**PROBLEM DETAILS**
All lines from the one containing "a motorcycle <box>427,439,463,479</box>" through the end of the material are to be given back exactly, without pictures.

**PROVIDED DATA**
----------
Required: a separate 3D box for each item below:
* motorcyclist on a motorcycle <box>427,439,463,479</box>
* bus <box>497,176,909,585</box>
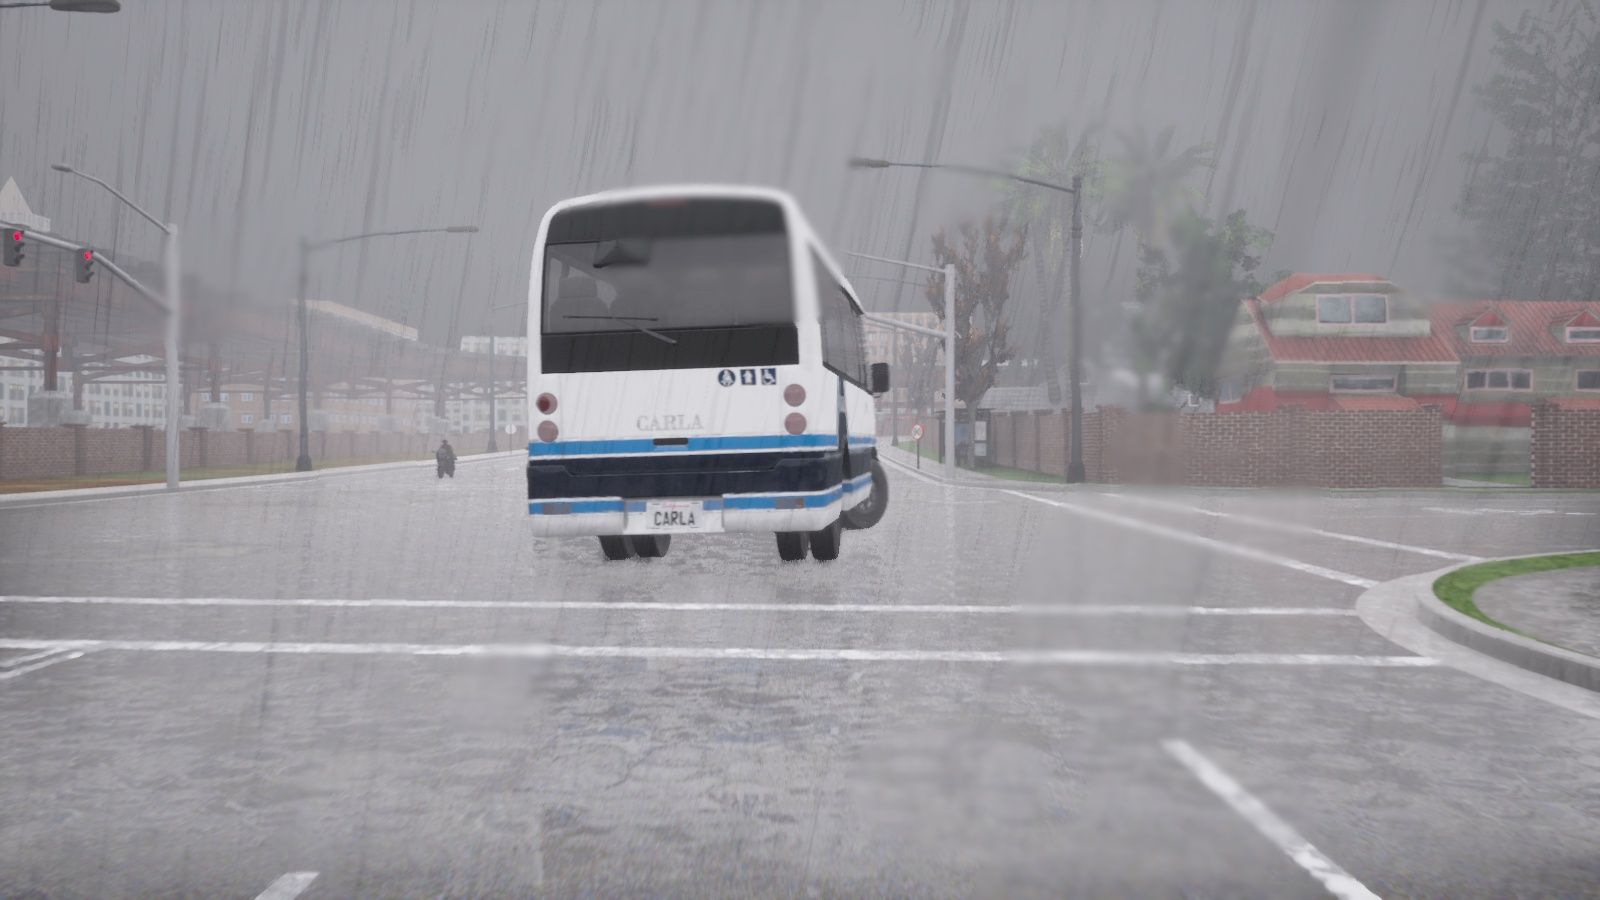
[{"bbox_3d":[-13.715,0.325,48.553,0.797,1.523,2.044,0,1,0],"label":"motorcyclist on a motorcycle"},{"bbox_3d":[-0.637,-0.740,18.587,3.944,4.253,10.273,-2,0,7],"label":"bus"}]
----------
**FINISHED TASK**
* motorcyclist on a motorcycle <box>427,439,463,479</box>
* bus <box>497,176,909,585</box>
[{"bbox_3d":[-13.715,0.325,48.553,0.797,1.523,2.044,0,1,0],"label":"motorcyclist on a motorcycle"},{"bbox_3d":[-0.637,-0.740,18.587,3.944,4.253,10.273,-2,0,7],"label":"bus"}]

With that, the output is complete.